日本初上陸のプレミアムシアター「ドルビーシネマ」を体感 Tジョイ博多内覧会レポート
きらびやかな外観の一方で、シアター内は黒で統一されたシックなデザイン。壁面に施された青い電飾以外は、全て黒で統一され、ビスタサイズの巨大ホワイトスクリーンが宙に浮かび上がっているかのよう。また場内を見渡すと、肝心なものが見当たらない。壁、天井にスピーカーが存在しないのだ。実はドルビーシネマは、壁にスピーカーを張り付け、さらにその内側に壁を作るというコクーン構造。観客とスクリーン以外の視覚ノイズを一切排するために徹底されている。
座席は、スタジアムのように湾曲して配され、前方席は背もたれに傾斜をつけ、どの席でも見やすいように配慮がなされている。段床の差も申し分なく、前の人の頭が被る心配もない。座ってみると、腰の部分にクッションが厚くあてがわれており、長時間座っても疲れなさそうだ。

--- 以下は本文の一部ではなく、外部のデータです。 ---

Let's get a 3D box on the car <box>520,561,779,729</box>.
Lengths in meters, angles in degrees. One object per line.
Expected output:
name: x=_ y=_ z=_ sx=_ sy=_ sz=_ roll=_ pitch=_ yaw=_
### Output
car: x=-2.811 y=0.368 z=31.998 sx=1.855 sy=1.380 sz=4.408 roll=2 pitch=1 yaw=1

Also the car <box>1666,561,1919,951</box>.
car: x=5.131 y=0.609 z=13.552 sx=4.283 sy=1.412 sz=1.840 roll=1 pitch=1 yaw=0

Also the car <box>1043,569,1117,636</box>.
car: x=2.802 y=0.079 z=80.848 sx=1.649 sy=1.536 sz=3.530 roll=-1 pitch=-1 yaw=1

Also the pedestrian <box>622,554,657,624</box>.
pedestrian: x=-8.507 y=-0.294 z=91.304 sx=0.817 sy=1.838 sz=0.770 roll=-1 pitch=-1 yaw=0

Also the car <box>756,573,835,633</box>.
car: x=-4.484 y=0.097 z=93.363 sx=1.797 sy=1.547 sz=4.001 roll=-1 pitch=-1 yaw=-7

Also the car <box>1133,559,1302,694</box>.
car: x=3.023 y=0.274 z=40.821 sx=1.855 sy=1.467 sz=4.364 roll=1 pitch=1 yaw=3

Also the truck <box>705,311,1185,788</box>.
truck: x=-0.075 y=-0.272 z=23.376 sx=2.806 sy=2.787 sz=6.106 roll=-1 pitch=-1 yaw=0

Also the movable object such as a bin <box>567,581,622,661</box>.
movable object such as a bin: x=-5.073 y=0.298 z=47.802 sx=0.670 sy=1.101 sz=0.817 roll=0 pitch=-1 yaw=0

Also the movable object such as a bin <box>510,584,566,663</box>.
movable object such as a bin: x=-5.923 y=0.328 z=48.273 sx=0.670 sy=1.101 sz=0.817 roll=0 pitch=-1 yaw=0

内覧会では、登壇者のあいさつに続き、ドルビージャパン株式会社・代表取締役社長の大沢幸弘氏がドルビーシネマの魅力をプレゼン。ドルビービジョンは、最先端のレーザープロジェクターによるHDR(ハイダイナミックレンジ)映像としてハイライト部分はより明るく、暗部はより深い諧調で黒がグッと締まり、色表現が豊かなリアリティー溢れる映像を楽しむことができる。

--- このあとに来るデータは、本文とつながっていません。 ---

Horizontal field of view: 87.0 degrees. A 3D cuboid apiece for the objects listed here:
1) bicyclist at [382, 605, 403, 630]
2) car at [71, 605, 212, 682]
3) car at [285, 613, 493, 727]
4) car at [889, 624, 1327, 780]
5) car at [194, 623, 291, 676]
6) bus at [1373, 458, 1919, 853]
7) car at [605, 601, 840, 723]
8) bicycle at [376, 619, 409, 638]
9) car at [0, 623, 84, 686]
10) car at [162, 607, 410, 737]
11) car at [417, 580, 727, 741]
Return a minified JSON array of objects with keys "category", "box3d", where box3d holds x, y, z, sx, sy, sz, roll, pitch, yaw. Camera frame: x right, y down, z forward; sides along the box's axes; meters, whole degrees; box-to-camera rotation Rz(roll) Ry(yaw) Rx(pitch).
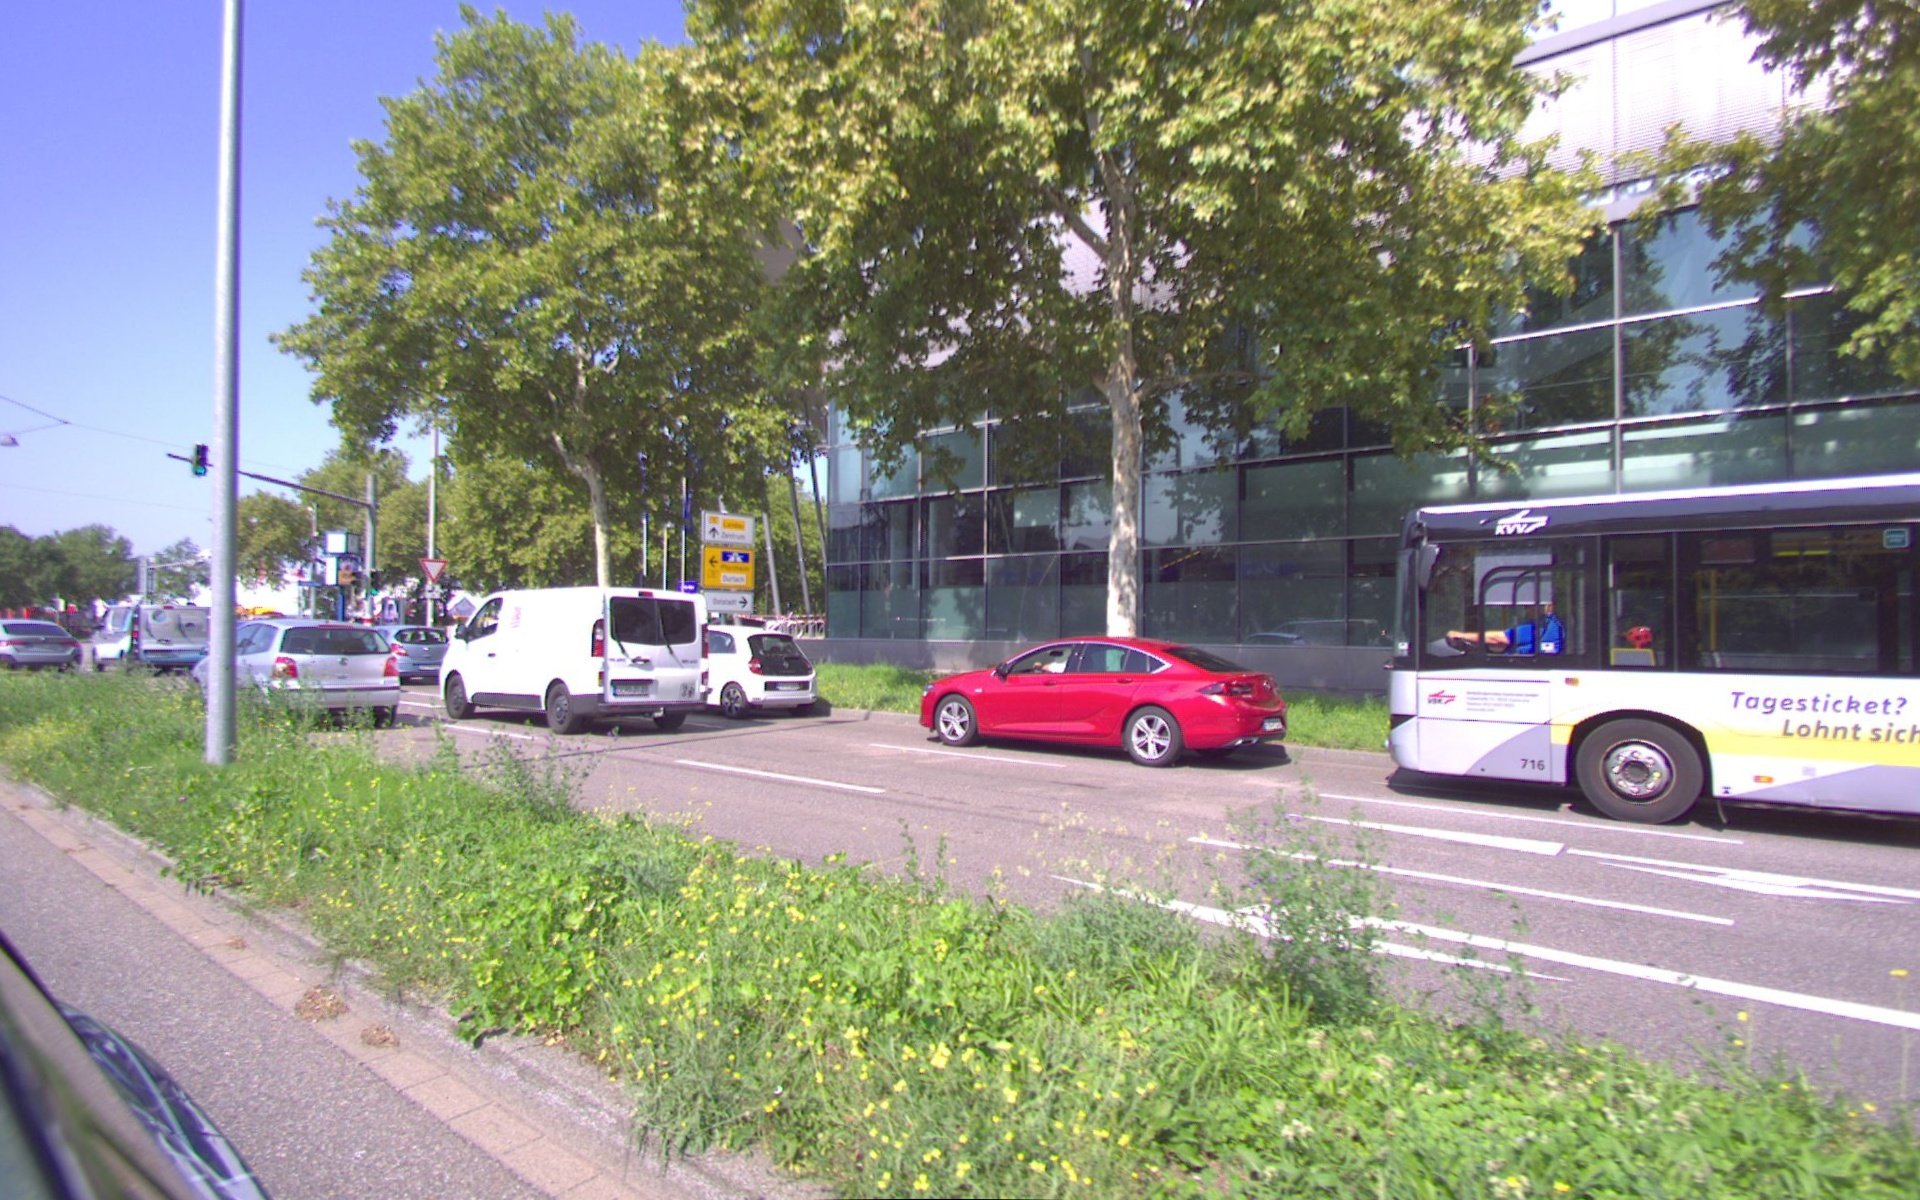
[{"category":"bicyclist","box3d":[-36.961,1.143,65.911,1.199,1.606,0.592,-4,-2,28]},{"category":"car","box3d":[-23.116,1.230,28.521,5.205,1.973,1.909,-2,-3,38]},{"category":"car","box3d":[-10.588,1.209,18.617,4.699,1.863,1.700,-1,-4,40]},{"category":"car","box3d":[1.643,1.121,12.558,5.206,1.522,1.762,0,-4,39]},{"category":"car","box3d":[-23.485,1.594,33.086,3.728,1.547,1.650,1,-3,40]},{"category":"bus","box3d":[8.828,0.433,6.871,10.893,2.715,2.636,-1,-4,39]},{"category":"car","box3d":[-4.232,1.037,17.826,3.970,1.910,1.909,-1,-4,38]},{"category":"bicycle","box3d":[-36.938,1.866,65.863,2.209,1.096,0.765,-4,-3,28]},{"category":"car","box3d":[-23.869,1.333,25.479,4.600,1.454,1.818,-1,-4,38]},{"category":"car","box3d":[-9.376,0.972,13.974,4.095,1.547,1.598,-2,-5,38]},{"category":"car","box3d":[-5.819,0.843,14.832,5.185,1.975,1.908,-1,-4,40]}]

映像の豊かさは、プロジェクターの表示できるコントラスト比によって決まる。従来のコントラスト比1800:1では、黒を投射したスクリーンの前に人が立つと影ができるが、ドルビービジョンは100万:1のコントラスト比を実現。真の黒を再現し、実際にスクリーンの前に人が立っても影ができることはない。白はよりくっきりとなり、黒が締まった映像が体験できるとのことだ。輝度は、従来の14フットランバード(フットランバード:映画館のスクリーン反射輝度の単位)に比べ、2倍以上の31フットランバードでより明るい映像が楽しめる。
ドルビーアトモスは、オブジェクトオーディオによる立体音響で既に世界4000以上のスクリーンに導入。採用された公開作品は1000以上、映画製作者は劇場の隅々にサウンドを配置し、自由に移動させることができる。邦画でのドルビーシネマでの相談もすでに来ているとのことだ。

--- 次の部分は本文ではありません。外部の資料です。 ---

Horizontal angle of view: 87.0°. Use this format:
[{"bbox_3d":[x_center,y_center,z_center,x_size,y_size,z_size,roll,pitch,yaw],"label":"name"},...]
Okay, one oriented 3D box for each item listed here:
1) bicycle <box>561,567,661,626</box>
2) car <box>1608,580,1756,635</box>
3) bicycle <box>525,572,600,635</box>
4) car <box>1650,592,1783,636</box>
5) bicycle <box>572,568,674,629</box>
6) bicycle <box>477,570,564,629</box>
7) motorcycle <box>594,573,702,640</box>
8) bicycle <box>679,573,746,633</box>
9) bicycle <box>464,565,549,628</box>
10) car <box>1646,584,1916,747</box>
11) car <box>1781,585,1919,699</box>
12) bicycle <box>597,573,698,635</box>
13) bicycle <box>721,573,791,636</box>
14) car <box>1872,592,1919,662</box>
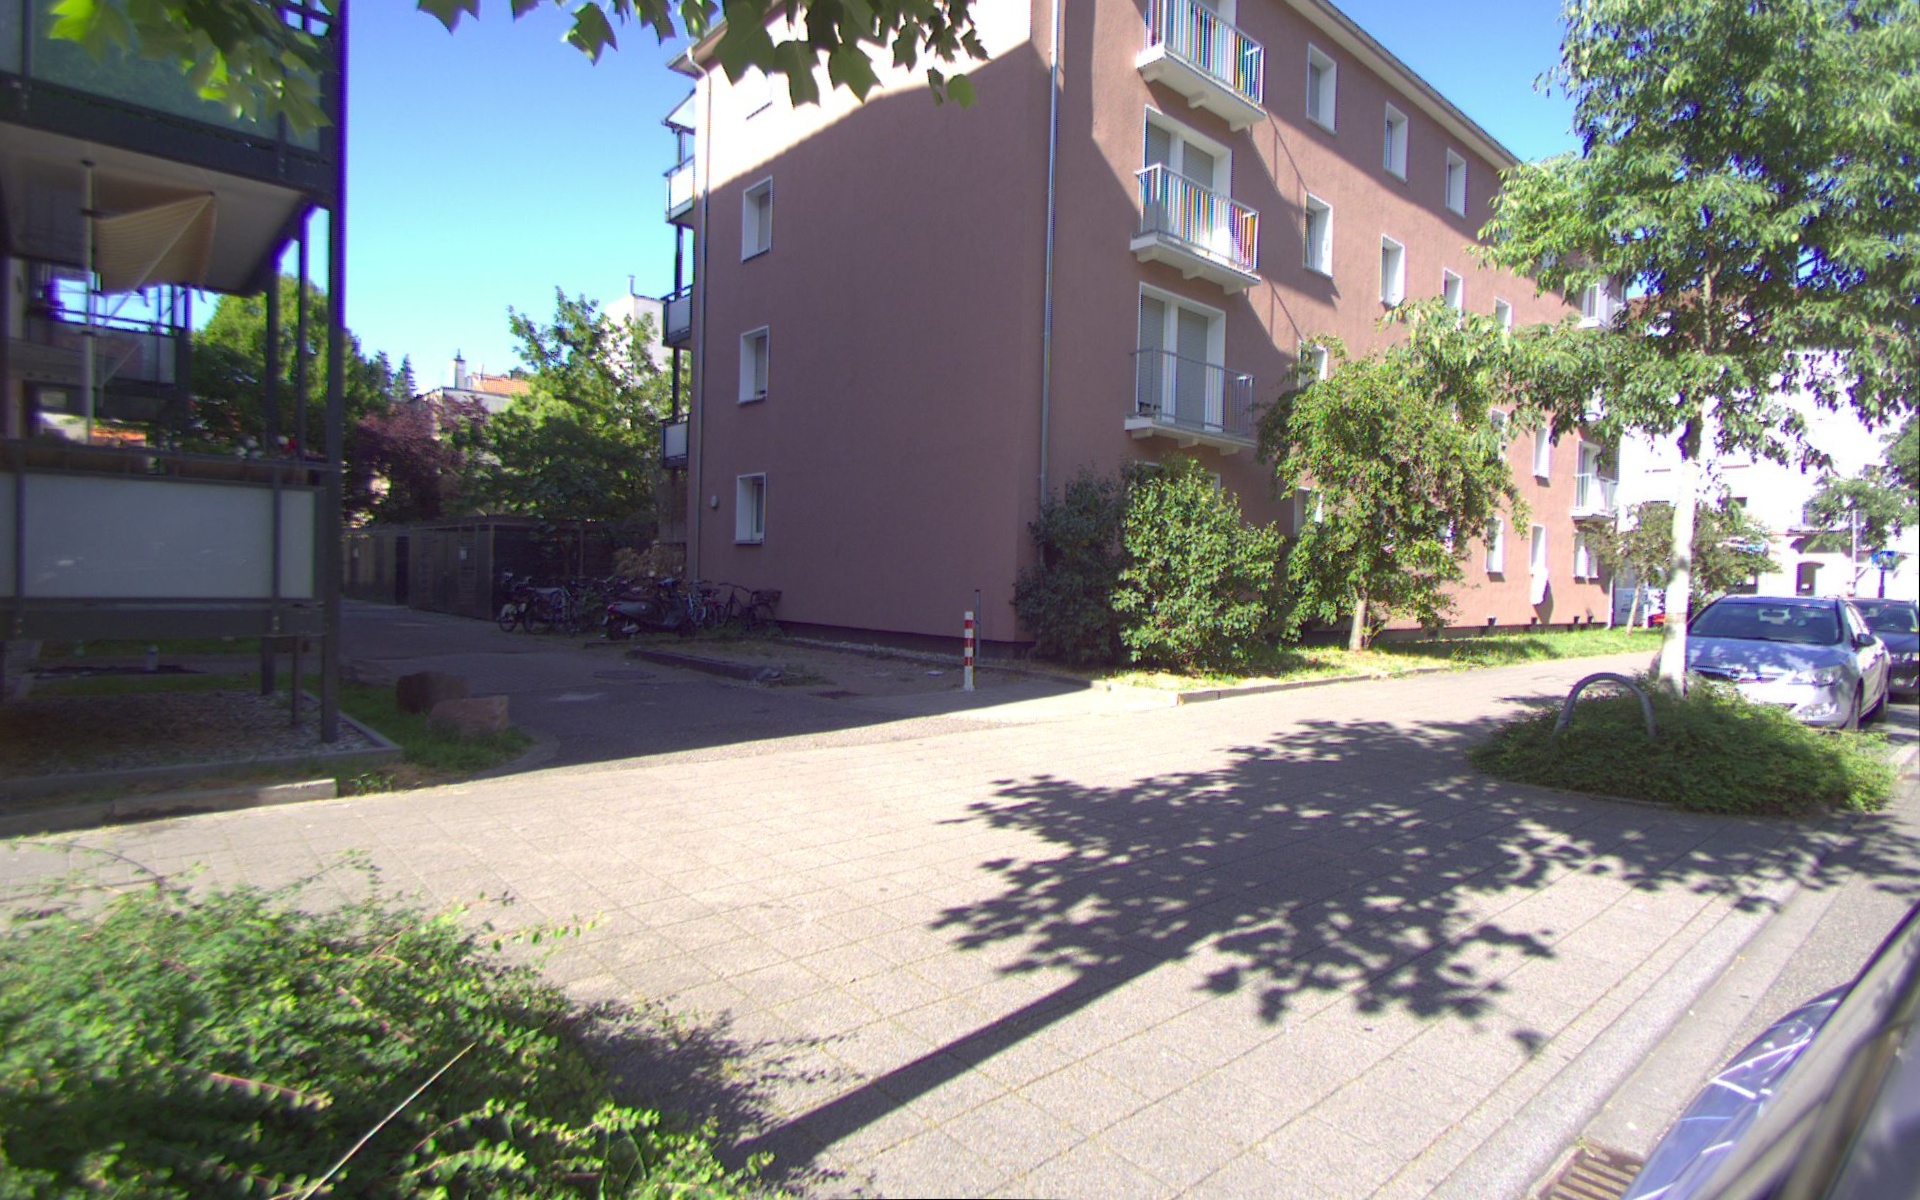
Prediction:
[{"bbox_3d":[-7.144,-0.070,20.775,1.847,1.166,0.578,0,1,-40],"label":"bicycle"},{"bbox_3d":[29.860,0.261,41.962,4.744,2.039,1.968,3,2,44],"label":"car"},{"bbox_3d":[-7.502,0.042,19.066,1.712,1.112,0.549,2,1,40],"label":"bicycle"},{"bbox_3d":[27.460,0.456,36.805,1.541,1.419,3.645,0,2,-41],"label":"car"},{"bbox_3d":[-6.669,-0.038,20.082,1.847,1.166,0.578,0,1,-40],"label":"bicycle"},{"bbox_3d":[-8.592,-0.011,19.814,1.454,1.112,0.556,0,1,-40],"label":"bicycle"},{"bbox_3d":[-5.437,0.103,17.700,1.741,1.120,0.526,0,2,-41],"label":"motorcycle"},{"bbox_3d":[-4.988,0.042,20.335,0.548,1.112,1.717,0,2,-42],"label":"bicycle"},{"bbox_3d":[-9.039,-0.070,20.191,1.454,1.221,0.556,0,1,-40],"label":"bicycle"},{"bbox_3d":[9.377,0.584,11.450,3.931,1.471,1.719,-1,3,-42],"label":"car"},{"bbox_3d":[14.067,0.562,15.487,4.236,1.500,1.660,0,2,-42],"label":"car"},{"bbox_3d":[-5.931,0.064,19.258,1.741,1.120,0.567,0,2,-41],"label":"bicycle"},{"bbox_3d":[-3.855,0.069,19.072,0.584,1.112,1.538,0,1,-42],"label":"bicycle"},{"bbox_3d":[21.714,0.591,22.444,3.930,1.446,1.735,0,2,-41],"label":"car"}]

またドルビーシネマ3Dでは、2台のプロジェクターを利用してカラーホイルを使用せず、右目用、左目用それぞれの映像を投射する。従来のプロジェクターでは3~7フットランバード、ドルビーシネマ3Dでは14フットランバードを実現。体験してみて驚いたのは、非電池内蔵型の3Dメガネにも関わらず、頭を傾けても映像がズレないのだ。
従来の偏光方式の3Dメガネでは水平状態でないとピントが合わず、IMAX3D、RealDなど例外なく正しい姿勢でスクリーンを見ないと3D効果は発揮されなかった。そのため、3D上映では、3D効果が得にくい一部の席を販売しないという劇場も少なくない。しかし、ドルビーシネマ3Dでは、色偏光の応用により、どの席からどの角度でも正しい効果が得ることができる。地味ではあるが、3D上映の一つの大きな課題をクリアしたと言えるだろう。